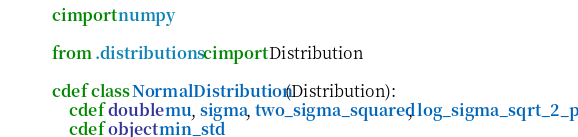<code> <loc_0><loc_0><loc_500><loc_500><_Cython_>cimport numpy

from .distributions cimport Distribution

cdef class NormalDistribution(Distribution):
	cdef double mu, sigma, two_sigma_squared, log_sigma_sqrt_2_pi
	cdef object min_std

</code> 
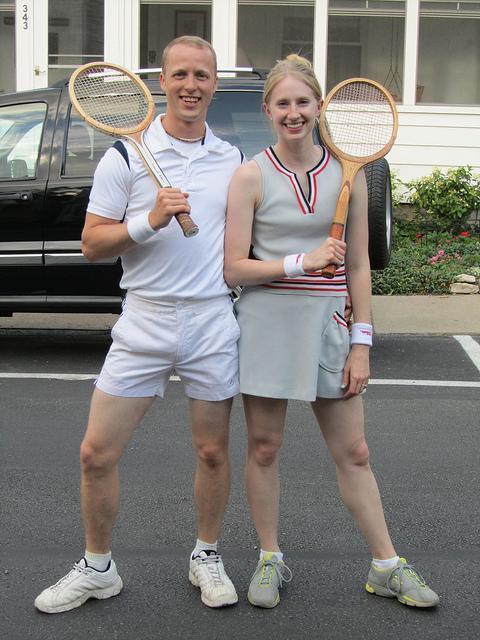How many people can you see?
Give a very brief answer. 2. How many tennis rackets are there?
Give a very brief answer. 2. How many trucks can you see?
Give a very brief answer. 1. 
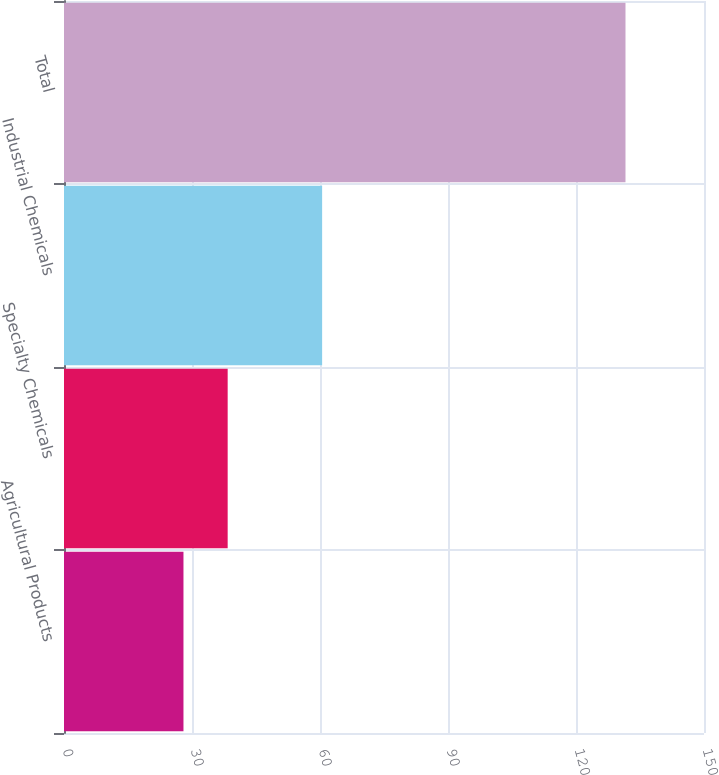Convert chart to OTSL. <chart><loc_0><loc_0><loc_500><loc_500><bar_chart><fcel>Agricultural Products<fcel>Specialty Chemicals<fcel>Industrial Chemicals<fcel>Total<nl><fcel>28<fcel>38.36<fcel>60.5<fcel>131.6<nl></chart> 
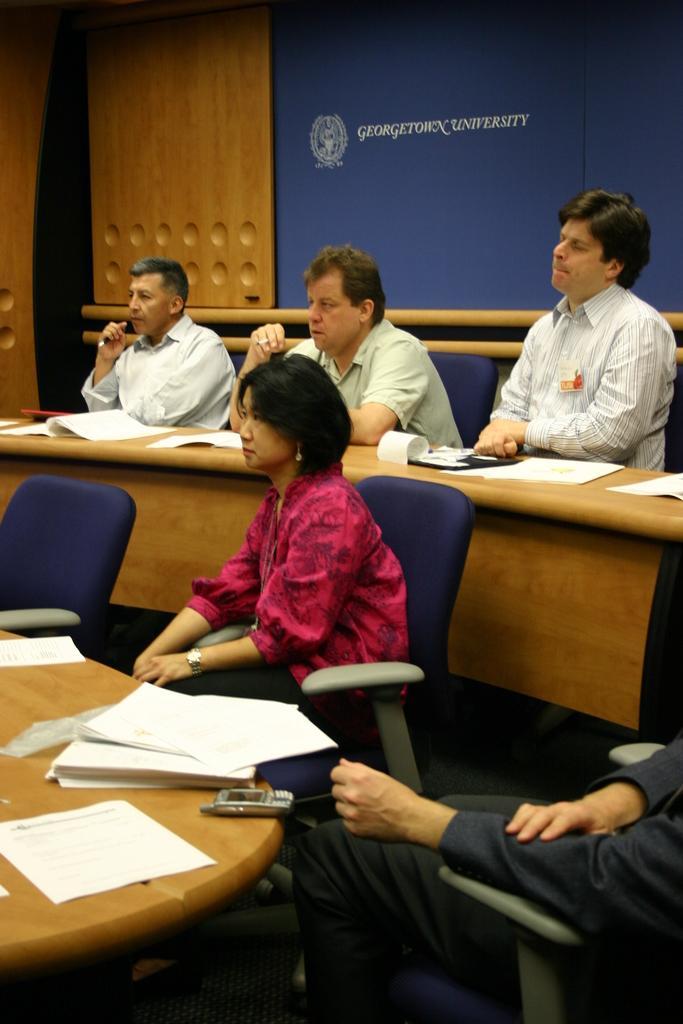How would you summarize this image in a sentence or two? In this picture I can see five persons sitting on the cars, there are papers and a mobile on the tables, and in the background there is a board. 
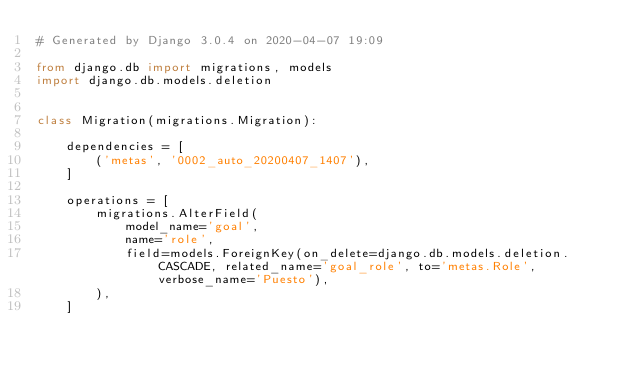<code> <loc_0><loc_0><loc_500><loc_500><_Python_># Generated by Django 3.0.4 on 2020-04-07 19:09

from django.db import migrations, models
import django.db.models.deletion


class Migration(migrations.Migration):

    dependencies = [
        ('metas', '0002_auto_20200407_1407'),
    ]

    operations = [
        migrations.AlterField(
            model_name='goal',
            name='role',
            field=models.ForeignKey(on_delete=django.db.models.deletion.CASCADE, related_name='goal_role', to='metas.Role', verbose_name='Puesto'),
        ),
    ]
</code> 
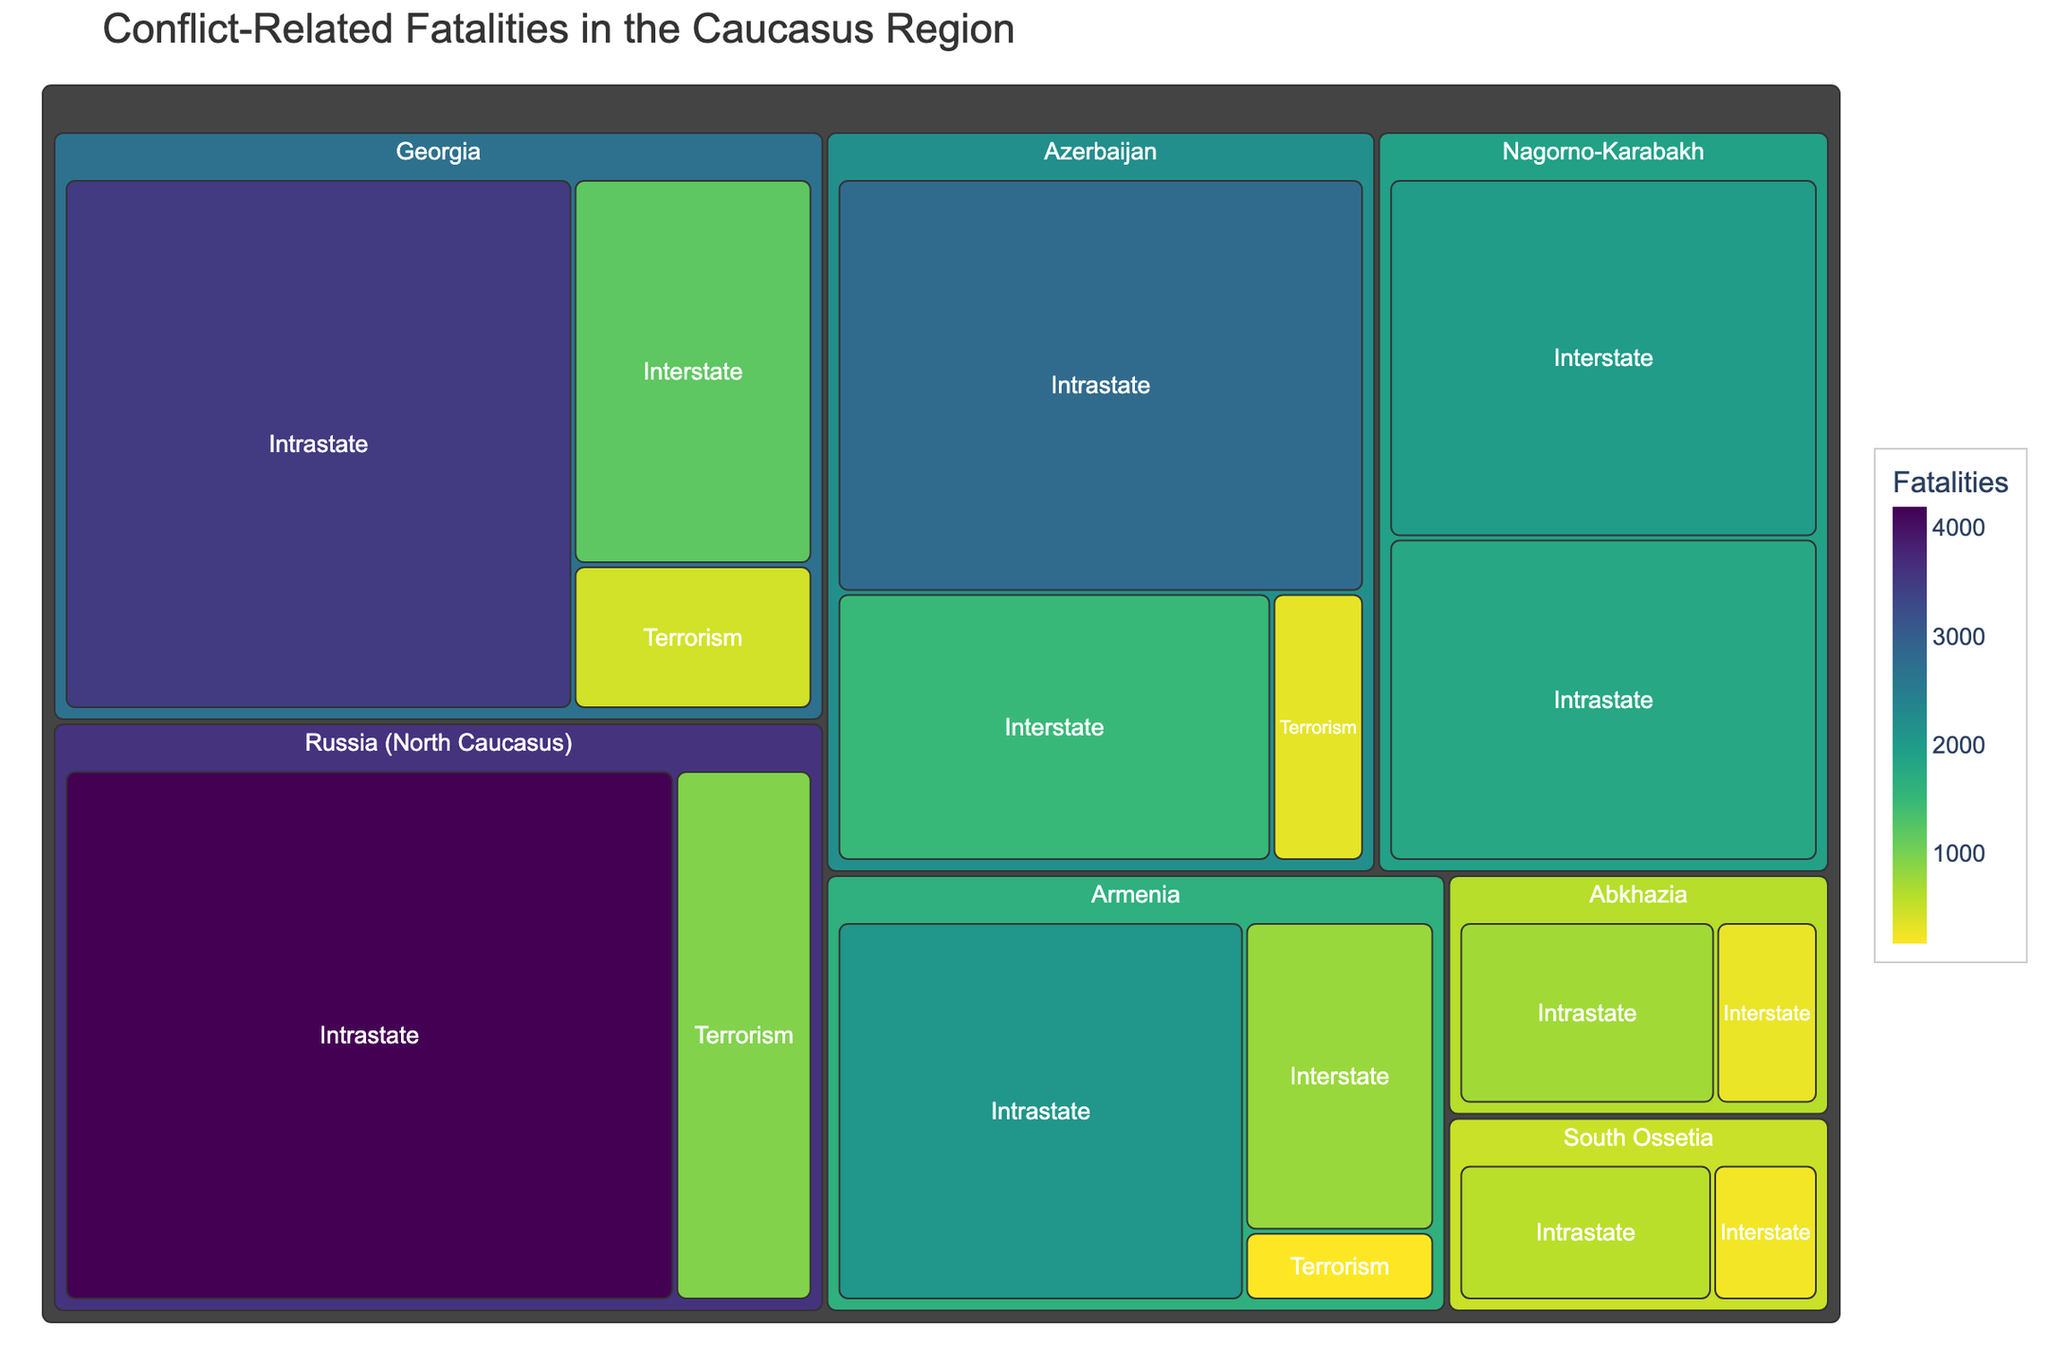What's the title of the treemap? The title is usually displayed prominently at the top of the treemap. By reading the top part of the figure, you can easily identify the title.
Answer: Conflict-Related Fatalities in the Caucasus Region Which country has the highest intrastate fatalities? To determine the country with the highest intrastate fatalities, look for the largest and darkest colored segment in the "Intrastate" category. Compare these segments across different countries.
Answer: Russia (North Caucasus) How many fatalities are there in Georgia due to interstate conflict? Identify the section of the treemap labeled "Georgia" and then look specifically at the sub-section for "Interstate". The number of fatalities can be read directly from this part of the figure.
Answer: 1200 Compare the number of interstate fatalities in Armenia and Azerbaijan. Which country has more, and by how much? Compare the "Interstate" segments within Armenia and Azerbaijan. Subtract the smaller value from the larger one to find the difference. Armenia has 800 fatalities and Azerbaijan has 1500.
Answer: Azerbaijan, by 700 What is the total number of fatalities in South Ossetia from all types of conflict? Sum the numbers of fatalities from each conflict type under South Ossetia. South Ossetia has 250 (Interstate) + 600 (Intrastate).
Answer: 850 Which conflict type has the most fatalities in the entire dataset? Look for the conflict type with the largest combined size across all countries. Compare the total size of each type of conflict.
Answer: Intrastate Compare the fatalities in Nagorno-Karabakh due to interstate conflict with those due to intrastate conflict. What is the difference? Identify both segments for Nagorno-Karabakh. Subtract the number of intrastate fatalities from the number of interstate fatalities. Nagorno-Karabakh has 2000 (Interstate) - 1800 (Intrastate).
Answer: 200 Which three countries/regions have the highest number of terrorism-related fatalities? Identify the segments under "Terrorism" for each country/region. Compare their sizes and fatalities numbers, listing the top three.
Answer: Russia (North Caucasus), Georgia, Azerbaijan What is the average number of terrorism-related fatalities across all countries? Add the numbers of terrorism-related fatalities from all countries then divide by the number of countries/regions with terrorism data: (450+180+320+950)/4=1900/4.
Answer: 475 Which conflict type is least prevalent in Abkhazia? Compare the fatality numbers within Abkhazia for each conflict type (Interstate and Intrastate) and identify the smallest value.
Answer: Interstate
──────────────────────────────
■ What is required
Once the pictures are set aside, please reproduce the remaining material word for word.

■ Your response
<code> <loc_0><loc_0><loc_500><loc_500><_Cython_>cimport numpy

from .distributions cimport Distribution

cdef class NormalDistribution(Distribution):
	cdef double mu, sigma, two_sigma_squared, log_sigma_sqrt_2_pi
	cdef object min_std

</code> 
How many people can you see?
Give a very brief answer. 2. How many tennis rackets are there?
Give a very brief answer. 2. How many trucks can you see?
Give a very brief answer. 1. 
Convert chart to OTSL. <chart><loc_0><loc_0><loc_500><loc_500><bar_chart><fcel>Agricultural Products<fcel>Specialty Chemicals<fcel>Industrial Chemicals<fcel>Total<nl><fcel>28<fcel>38.36<fcel>60.5<fcel>131.6<nl></chart> 
How would you summarize this image in a sentence or two? In this picture I can see five persons sitting on the cars, there are papers and a mobile on the tables, and in the background there is a board. 
<code> <loc_0><loc_0><loc_500><loc_500><_Python_># Generated by Django 3.0.4 on 2020-04-07 19:09

from django.db import migrations, models
import django.db.models.deletion


class Migration(migrations.Migration):

    dependencies = [
        ('metas', '0002_auto_20200407_1407'),
    ]

    operations = [
        migrations.AlterField(
            model_name='goal',
            name='role',
            field=models.ForeignKey(on_delete=django.db.models.deletion.CASCADE, related_name='goal_role', to='metas.Role', verbose_name='Puesto'),
        ),
    ]
</code> 
What's the title of the treemap? The title is usually displayed prominently at the top of the treemap. By reading the top part of the figure, you can easily identify the title.
Answer: Conflict-Related Fatalities in the Caucasus Region Which country has the highest intrastate fatalities? To determine the country with the highest intrastate fatalities, look for the largest and darkest colored segment in the "Intrastate" category. Compare these segments across different countries.
Answer: Russia (North Caucasus) How many fatalities are there in Georgia due to interstate conflict? Identify the section of the treemap labeled "Georgia" and then look specifically at the sub-section for "Interstate". The number of fatalities can be read directly from this part of the figure.
Answer: 1200 Compare the number of interstate fatalities in Armenia and Azerbaijan. Which country has more, and by how much? Compare the "Interstate" segments within Armenia and Azerbaijan. Subtract the smaller value from the larger one to find the difference. Armenia has 800 fatalities and Azerbaijan has 1500.
Answer: Azerbaijan, by 700 What is the total number of fatalities in South Ossetia from all types of conflict? Sum the numbers of fatalities from each conflict type under South Ossetia. South Ossetia has 250 (Interstate) + 600 (Intrastate).
Answer: 850 Which conflict type has the most fatalities in the entire dataset? Look for the conflict type with the largest combined size across all countries. Compare the total size of each type of conflict.
Answer: Intrastate Compare the fatalities in Nagorno-Karabakh due to interstate conflict with those due to intrastate conflict. What is the difference? Identify both segments for Nagorno-Karabakh. Subtract the number of intrastate fatalities from the number of interstate fatalities. Nagorno-Karabakh has 2000 (Interstate) - 1800 (Intrastate).
Answer: 200 Which three countries/regions have the highest number of terrorism-related fatalities? Identify the segments under "Terrorism" for each country/region. Compare their sizes and fatalities numbers, listing the top three.
Answer: Russia (North Caucasus), Georgia, Azerbaijan What is the average number of terrorism-related fatalities across all countries? Add the numbers of terrorism-related fatalities from all countries then divide by the number of countries/regions with terrorism data: (450+180+320+950)/4=1900/4.
Answer: 475 Which conflict type is least prevalent in Abkhazia? Compare the fatality numbers within Abkhazia for each conflict type (Interstate and Intrastate) and identify the smallest value.
Answer: Interstate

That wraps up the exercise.